The anniversary year, 1972, was highlighted by many special activities and events, including:
—a stake music festival.
—participation in Salt Lake City’s Days of ’47 parade.
—an original musical play, The First Seventy-five Days.
—a gala stake reunion and reception in the Utah State Capitol rotunda.
—a 336-page stake history, written by stake members.
—the 500th quarterly stake conference, held in the Assembly Hall on Temple Square.
And the debt on the stake welfare farm was completely paid even before the year was over.
Preparing the stake history book involved many members in researching the histories of their own wards as well as the stake. Beautifully bound, the book was offered at a reduced cost if ordered in advance of publication. Distribution of the book was handled by the stake and ward Sunday School officers and teachers.
“As a result, our stake now has a better sense of its heritage. Our research brought us into contact with some great lessons from our past,” according to Dr. Lynn Hilton, high councilor who edited the book.
On October 3, the 125th anniversary of the founding of the stake, more than 1700 present and former members of the stake, as well as many nonmembers, gathered for the impressive reception at the Utah State Capitol.
As visitors arrived they were greeted by an orchestra playing oldtime music. Present and former stake officials greeted them in the Gold Room, while the huge float from the Days of ’47 parade, in the shape of a birthday cake, was focal point for the decorations in the rotunda, where dancing was featured. Historic slides of Salt Lake Valley were shown in the Governor’s Board Room.
Stake missionaries, who had sent special invitations to every nonmember residing within the stake’s boundaries, had also prepared special displays on the teachings of the Church.
From October 11 to 14 the stake paid special honor to its heritage by presenting The First Seventy-five Days, the story of events in the Salt Lake Valley from July 24, 1847, when Brigham Young led the first pioneer party into the valley, to October 3, 1847, when the Salt Lake Stake was organized. The script was written by President Heslop; other stake members composed original music, wrote the lyrics, and directed the performance. More than 90 stake members were in the cast, orchestra, and stage crew, with performances given at the newly renovated Promised Valley Playhouse.
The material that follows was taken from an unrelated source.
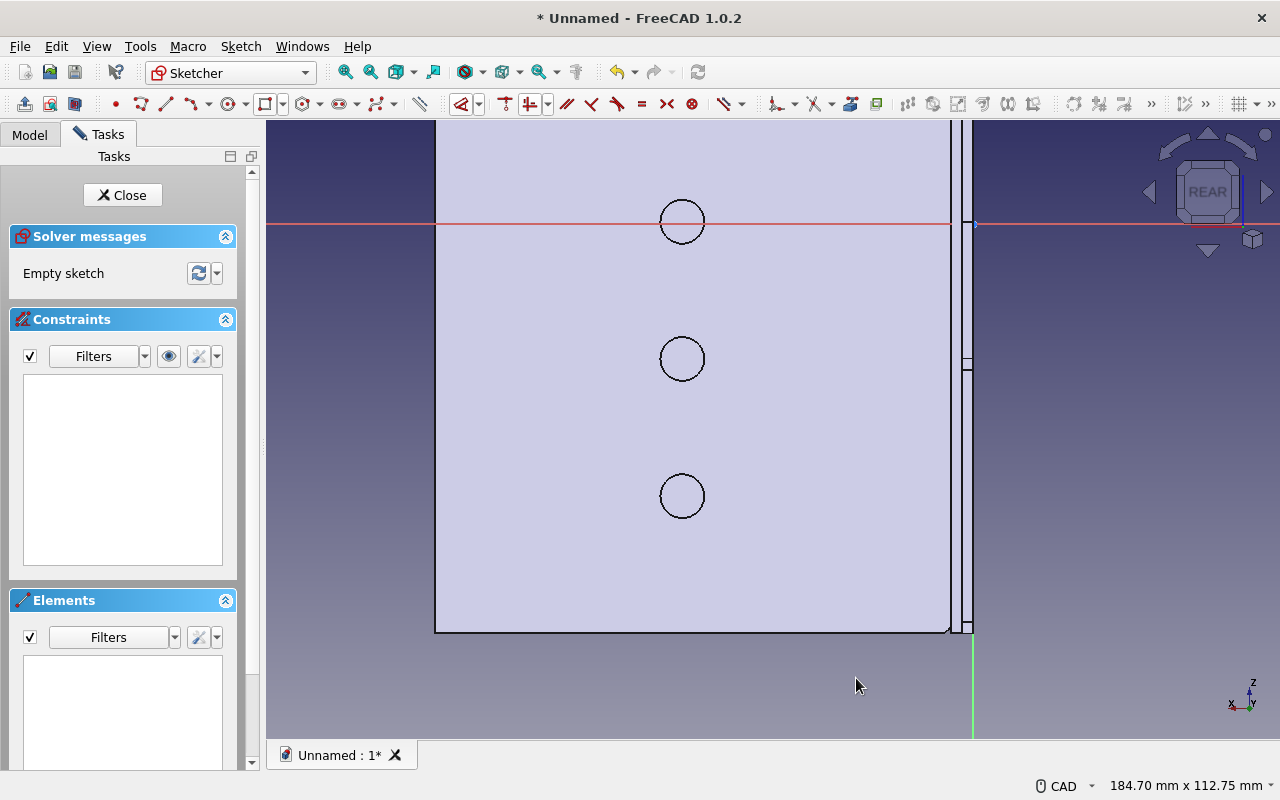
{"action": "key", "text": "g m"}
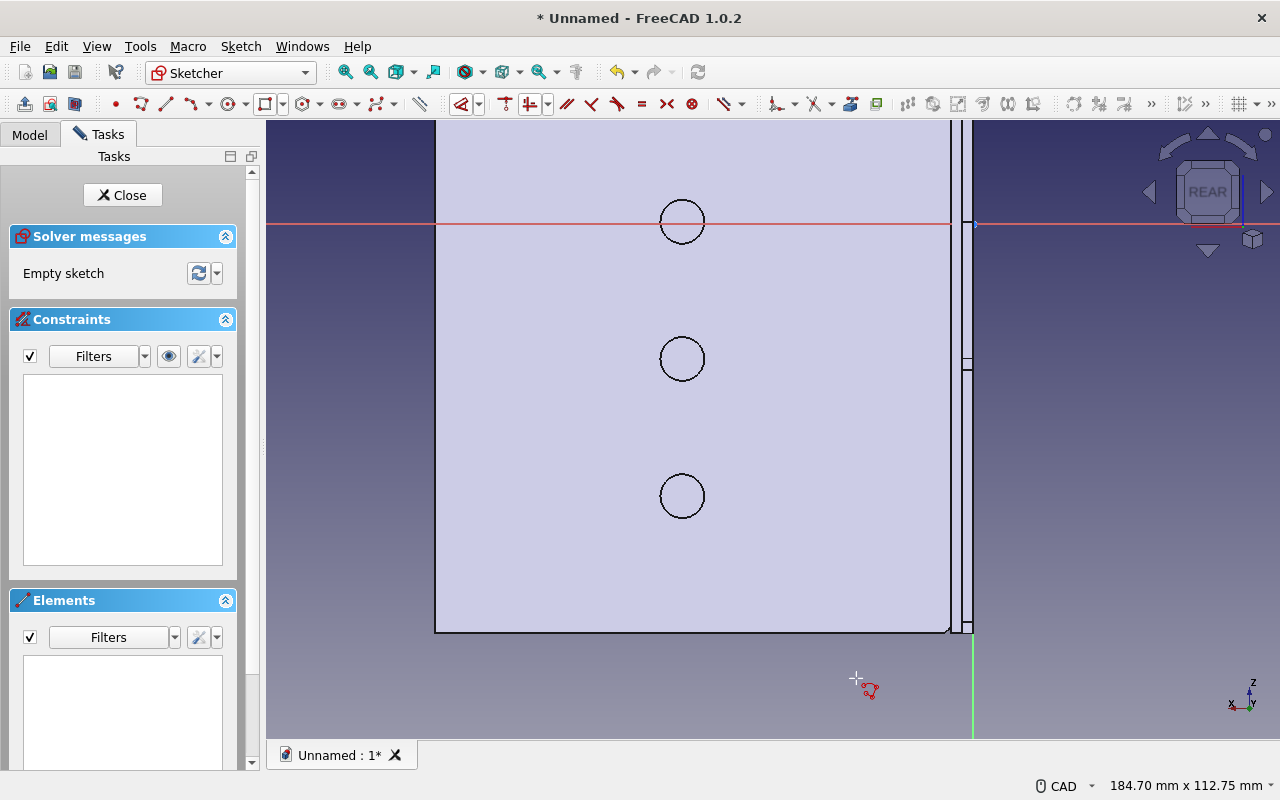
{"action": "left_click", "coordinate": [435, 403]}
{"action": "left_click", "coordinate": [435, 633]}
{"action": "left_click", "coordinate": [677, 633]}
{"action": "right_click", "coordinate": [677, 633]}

At a testimony meeting after the final performance, Karl Blackwelder, who portrayed Brigham Young, declared: “I prayed a great deal that I would be able to do the part well. I went to the Lion House and Brigham Young’s grave and found out all I could about him. Friday night, when I missed a line, I felt as if I had let him down; it really humbled me. That night I visited his grave again and prayed until I knew I could do my lines well for the next show. Portraying Brigham Young was a great spiritual experience for me.”
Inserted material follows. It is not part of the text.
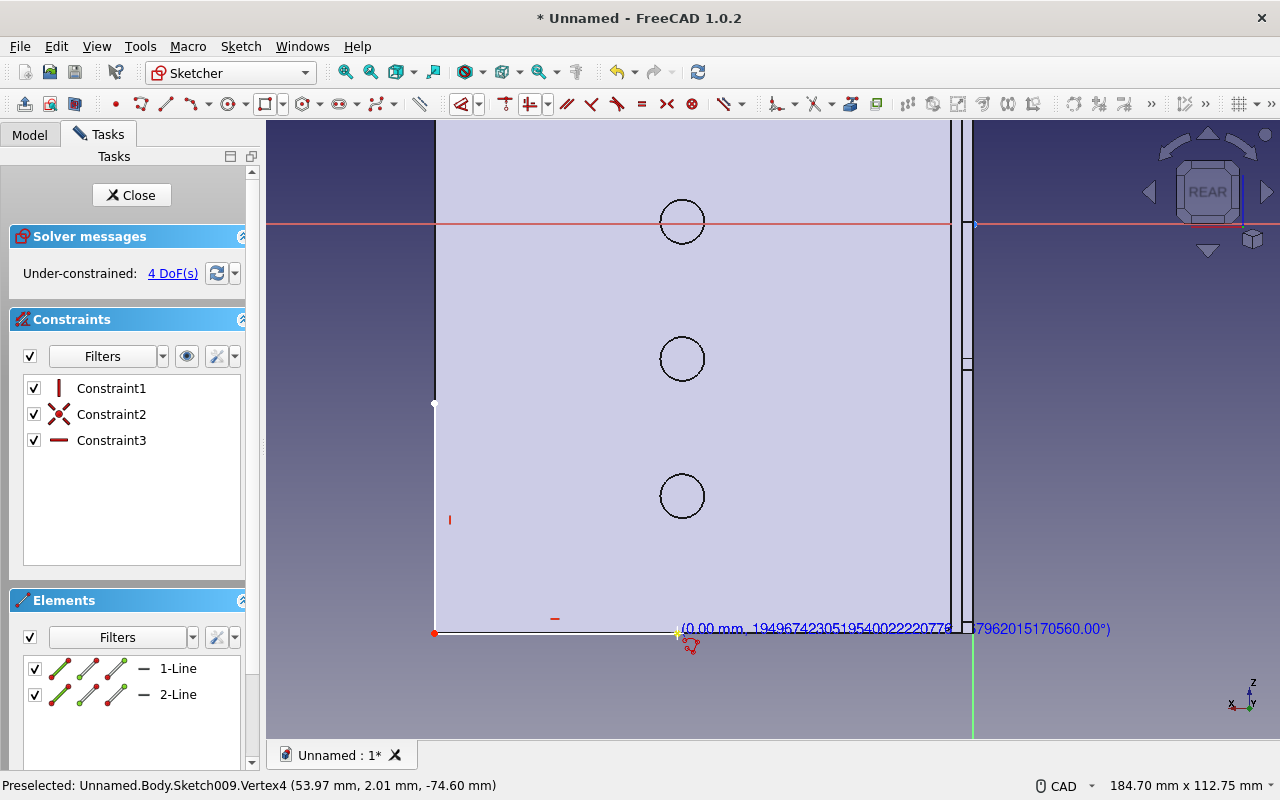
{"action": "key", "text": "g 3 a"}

Diane Beesley, who played the role of Harriet Young, said, “The First Seventy-five Days has brought a great change into our lives, a change that came from the effort we put into the play. My husband has said I was often like Harriet in the play, so I must have changed. We have each personally grown.”
A special invitation to the anniversary stake conference, held October 15, was issued to every home member as well as nonmember—within the stake boundaries in the form of a miniature loaf of bread with the message, “Man shall not live by bread alone.” For less than the cost of the postage it would have taken to invite the stake membership to the conference, more than sixty Aaronic Priesthood youths delivered the loaves. And the message was effective: attendance at the conference was more than seven percent higher than at previous conferences.
President N. Eldon Tanner of the First Presidency and Elder Howard W. Hunter of the Council of the Twelve were the conference visitors. Both joined the stake’s senior citizens at the Salt Lake Stake Home for lunch after conference.
From the stake’s original boundaries, 86 stakes have been created, and Salt Lake Stake now encompasses an area just north of Temple Square and including Capitol Hill and the hillsides to the west and south.
The anniversary year celebration had its inception in President Heslop’s mind almost as soon as he was sustained to that position five years ago. Actual planning and preparation took two years. “Not only did our work take planning, but it took the efforts of more than 300 persons—and that is just how we wanted it,” President Heslop said. “I am fully convinced that when people are involved, they are better people. We tried to get as many as possible involved—especially those who are not what we traditionally call active. We wanted as many as possible to be associated with this historic event.”
Now, is your ward or stake going to have a big anniversary coming up in the future? Why not start now to plan the celebration?